Scarto di lato e mi avvicino alla
cassa. Intanto la discussione prende vita.
-Prima ci ammazzano di tasse mò
vogliono pure che li votiamo? Ah ma a sto giro non mi fregano. Non ci
vado proprio a votare.- dice il Secco.
-E che risolve?- la nuova voce
appartiene ad un cinquantenne vecchia maniera appena intrufolatosi
nella discussione. -C'è gente che si è fatta ammazzare per darle il
diritto di votare.-
-Si, o'Zì, però a che serve
votare queste merde?- ribatte il grassone.
-E mica devi votare a loro. Vota a
Grillo! Quello gli fa un culo così a tutti.- per rafforzare il
concetto lo “zio” mima con le mani il programma politico dei
grillini.
-A me quello mi pare un altro
Berlusconi.- dice il Secco.
-Magari, fosse come Lui, staremmo a
posto tutti.- si intromette uno dalla cassa.
-Quello pensa solo a chiavare! Figurati
che glie ne fotte.- dice il grassone.
-E perché Bersani è meglio?- fa il
nuovo venuto.
-Quello è scemo proprio, sta sempre a
ragionare ma non quaglia mai un cazzo-
-Beh, almeno ci prova- fa il secco
giusto per restare in conversazione.
-State a sentire a me: a Grillo dovete
votare.- ribadisce lo "zio"
-Io voto a Di Pietro. Era magistrato li
manda carcerati lui a tutti quanti, te lo dico io.- fa il grassone.

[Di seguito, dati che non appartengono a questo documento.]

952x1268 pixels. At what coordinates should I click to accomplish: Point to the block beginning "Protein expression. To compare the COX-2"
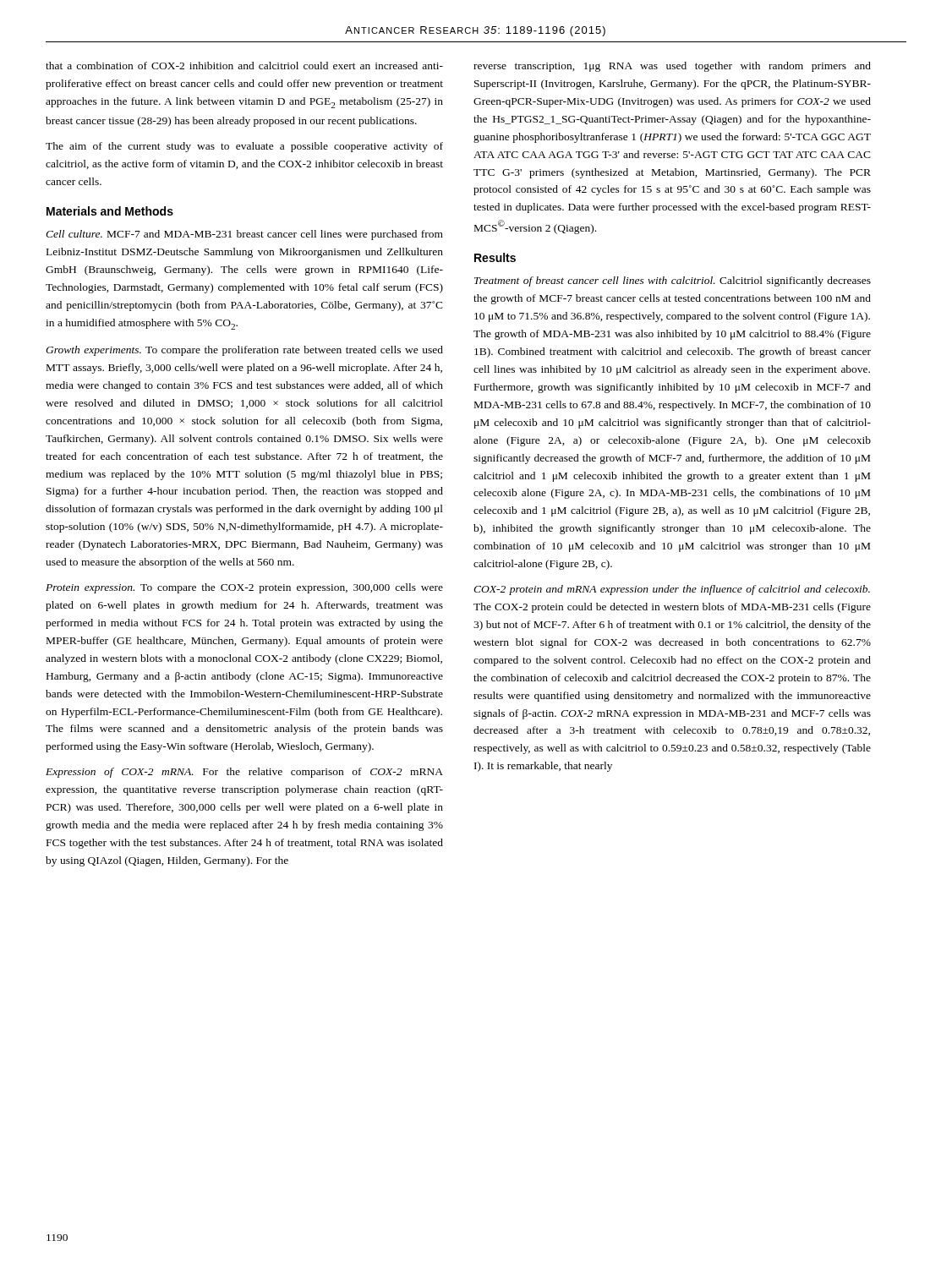(244, 667)

-A sto punto vota a quello...
quell'altro magistrato... Ingroia mi pare- fa il secco.
-Qua stiamo sempre a parlare delle
solite cose! Ci vogliono idee concrete. Ci vuole il nuovo. Non
possiamo stare sempre a cercare i ladri.- fa il belusconiano.

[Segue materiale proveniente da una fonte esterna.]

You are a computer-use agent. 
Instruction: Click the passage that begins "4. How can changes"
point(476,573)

-Il nuovo? Berlusconi?- dice lo zio.
-Fin ora ha fatto bene. Poi l'hanno
incastrato con la storia delle spead.-
-A me mi pare che si è fatto solo i
cazzi suoi.- ribatte il grassone.
La conversazione degenera rapidamente
in un muro contro muro. Sono cinque mondi paralleli che
all'improvviso collidono cercando d'incastrarsi tra loro. È come
se cinque persone volessero infilarsi insieme in una tuta
elasticizzata senza sembrare un sacchetto dell'immondizia con le
gambe.
L'operazione fallisce miseramente. Cade
il silenzio. Ognuno dei contendenti alla deriva nei suoi pensieri,
stranamente qualcosa delle altrui opinioni è penetrato nella scorza
d'ignoranza dando vita al dubbio.
-A febbraio si vota.- borbotta lo zio.
Come a dire che entro la fatidica data ci si dovrà decidere. È
l'Italia che lo chiede: il popolo unito nel democratico ed illuminato
atto di mettere una crocetta su un simbolo per poi tornare
soddisfatti a discutere al bar.
È una di quelle crocette che ti
cambiano la vita.
Intanto nella fila della ricevitoria
fisso il foglio delle quote: “Napoli – Roma” dove devo mettere
la crocetta?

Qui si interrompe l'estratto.